Extracted records
▬▬▬▬▬▬▬▬▬▬

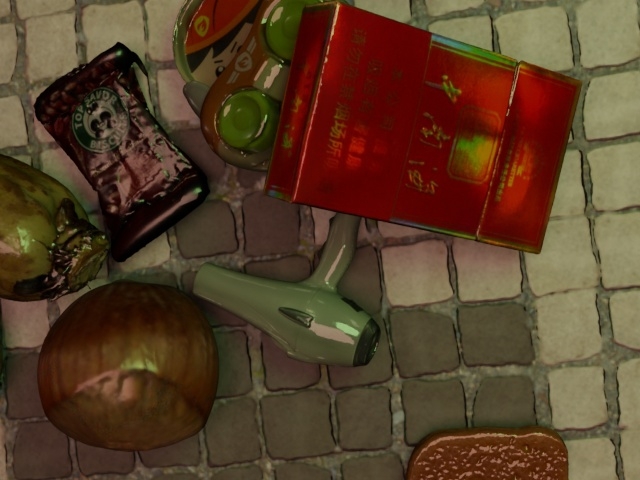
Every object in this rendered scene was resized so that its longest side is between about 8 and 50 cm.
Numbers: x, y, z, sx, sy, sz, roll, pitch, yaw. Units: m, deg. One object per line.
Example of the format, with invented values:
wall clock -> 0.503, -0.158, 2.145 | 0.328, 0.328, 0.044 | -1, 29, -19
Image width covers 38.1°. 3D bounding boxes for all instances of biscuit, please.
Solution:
biscuit -> -0.238, -0.110, 1.113 | 0.151, 0.063, 0.235 | -32, 85, 8
biscuit -> 0.194, 0.309, 1.085 | 0.192, 0.036, 0.186 | -4, 95, 8

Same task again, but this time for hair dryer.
hair dryer -> -0.036, 0.011, 1.099 | 0.229, 0.092, 0.267 | 2, 79, 14

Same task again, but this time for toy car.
toy car -> -0.079, -0.206, 1.066 | 0.235, 0.145, 0.235 | -4, 81, 25

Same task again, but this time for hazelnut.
hazelnut -> -0.222, 0.143, 1.074 | 0.214, 0.176, 0.214 | 7, 61, -13

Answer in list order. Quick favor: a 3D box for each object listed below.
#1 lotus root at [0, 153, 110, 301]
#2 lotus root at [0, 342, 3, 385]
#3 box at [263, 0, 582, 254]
lotus root -> -0.381, -0.023, 1.086 | 0.314, 0.169, 0.141 | 30, 110, 14
lotus root -> -0.468, 0.083, 1.141 | 0.110, 0.097, 0.259 | -22, 86, 11
box -> 0.113, -0.110, 0.974 | 0.313, 0.089, 0.198 | 10, 94, -28
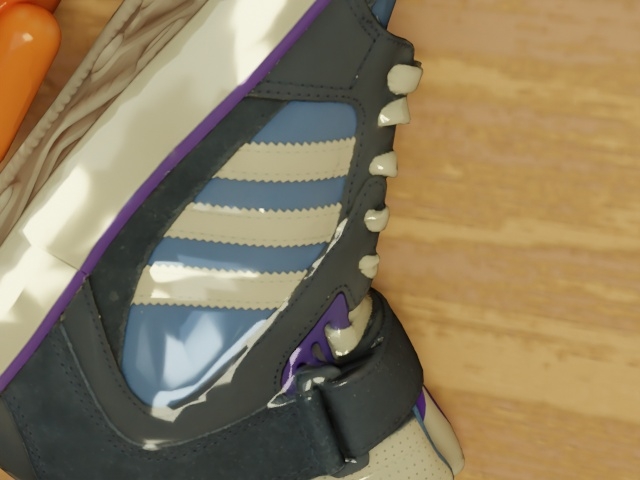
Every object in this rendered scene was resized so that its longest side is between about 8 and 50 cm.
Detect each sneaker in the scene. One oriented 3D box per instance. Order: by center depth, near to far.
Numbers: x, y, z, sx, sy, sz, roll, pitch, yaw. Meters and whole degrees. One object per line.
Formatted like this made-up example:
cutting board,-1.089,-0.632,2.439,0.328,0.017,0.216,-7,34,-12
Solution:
sneaker,0.000,0.000,0.521,0.236,0.130,0.323,38,93,-25

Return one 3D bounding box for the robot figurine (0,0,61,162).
robot figurine,-0.184,-0.118,0.532,0.158,0.128,0.219,32,116,-13
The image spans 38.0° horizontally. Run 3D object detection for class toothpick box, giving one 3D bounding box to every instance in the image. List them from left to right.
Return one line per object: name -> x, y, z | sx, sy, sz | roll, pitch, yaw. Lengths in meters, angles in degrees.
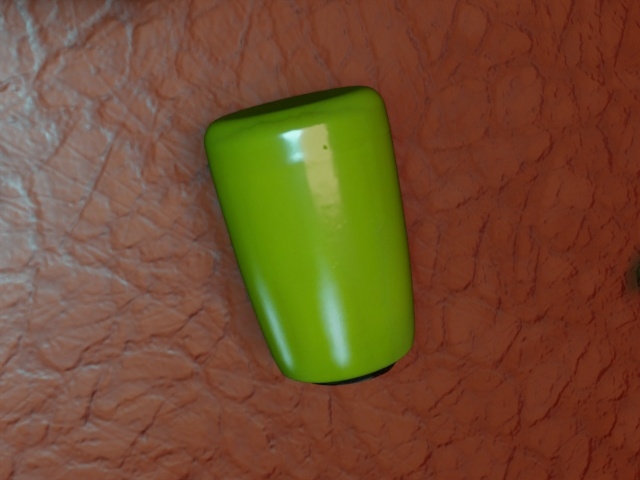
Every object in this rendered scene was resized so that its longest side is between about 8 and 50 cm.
toothpick box -> 0.000, 0.000, 0.897 | 0.175, 0.175, 0.271 | -17, 104, -19

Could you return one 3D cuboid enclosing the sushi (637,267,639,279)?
sushi -> 0.428, 0.037, 1.123 | 0.118, 0.061, 0.060 | -33, 79, -8
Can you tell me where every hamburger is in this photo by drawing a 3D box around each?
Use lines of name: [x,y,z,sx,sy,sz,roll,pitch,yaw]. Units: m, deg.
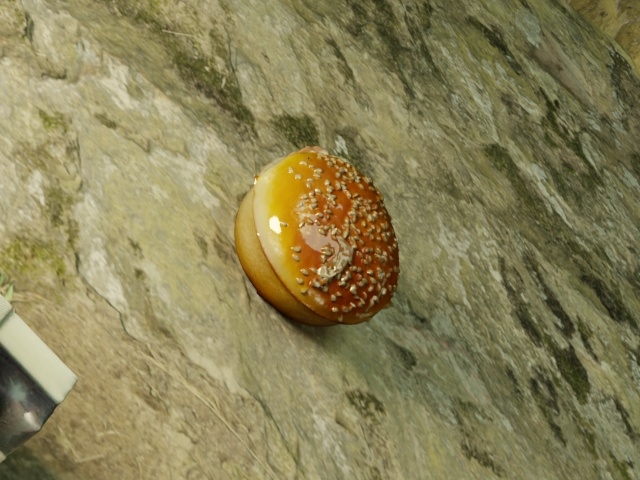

▬▬▬▬▬▬▬▬▬▬

### What to produce:
Leave the pictures aside and give every entry above again word for word.

### Response to the task:
Every object in this rendered scene was resized so that its longest side is between about 8 and 50 cm.
Numbers: x, y, z, sx, sy, sz, roll, pitch, yaw. Units: m, deg. One object per line.
Example of the format, with invented values:
wall clock -> 0.503, -0.158, 2.145 | 0.328, 0.328, 0.044 | -1, 29, -19
Image width covers 38.1°. 3D bounding boxes for all instances of biscuit, please.
Solution:
biscuit -> -0.238, -0.110, 1.113 | 0.151, 0.063, 0.235 | -32, 85, 8
biscuit -> 0.194, 0.309, 1.085 | 0.192, 0.036, 0.186 | -4, 95, 8

Same task again, but this time for hair dryer.
hair dryer -> -0.036, 0.011, 1.099 | 0.229, 0.092, 0.267 | 2, 79, 14

Same task again, but this time for toy car.
toy car -> -0.079, -0.206, 1.066 | 0.235, 0.145, 0.235 | -4, 81, 25

Same task again, but this time for hazelnut.
hazelnut -> -0.222, 0.143, 1.074 | 0.214, 0.176, 0.214 | 7, 61, -13

Answer in list order. Quick favor: a 3D box for each object listed below.
#1 lotus root at [0, 153, 110, 301]
#2 lotus root at [0, 342, 3, 385]
#3 box at [263, 0, 582, 254]
lotus root -> -0.381, -0.023, 1.086 | 0.314, 0.169, 0.141 | 30, 110, 14
lotus root -> -0.468, 0.083, 1.141 | 0.110, 0.097, 0.259 | -22, 86, 11
box -> 0.113, -0.110, 0.974 | 0.313, 0.089, 0.198 | 10, 94, -28
Every object in this rendered scene was resized so that its longest side is between about 8 and 50 cm.
Detect each sneaker in the scene. One oriented 3D box per instance. Order: by center depth, near to far.
Numbers: x, y, z, sx, sy, sz, roll, pitch, yaw. Meters and whole degrees. One object per line.
Formatted like this made-up example:
cutting board,-1.089,-0.632,2.439,0.328,0.017,0.216,-7,34,-12
Solution:
sneaker,0.000,0.000,0.521,0.236,0.130,0.323,38,93,-25

Return one 3D bounding box for the robot figurine (0,0,61,162).
robot figurine,-0.184,-0.118,0.532,0.158,0.128,0.219,32,116,-13
The image spans 38.0° horizontally. Run 3D object detection for class toothpick box, giving one 3D bounding box to every instance in the image. List them from left to right.
Return one line per object: name -> x, y, z | sx, sy, sz | roll, pitch, yaw. Lengths in meters, angles in degrees.
Every object in this rendered scene was resized so that its longest side is between about 8 and 50 cm.
toothpick box -> 0.000, 0.000, 0.897 | 0.175, 0.175, 0.271 | -17, 104, -19

Could you return one 3D cuboid enclosing the sushi (637,267,639,279)?
sushi -> 0.428, 0.037, 1.123 | 0.118, 0.061, 0.060 | -33, 79, -8
Can you tell me where every hamburger is in this photo by drawing a 3D box around each?
Use lines of name: [x,y,z,sx,sy,sz,roll,pitch,yaw]. Units: m, deg.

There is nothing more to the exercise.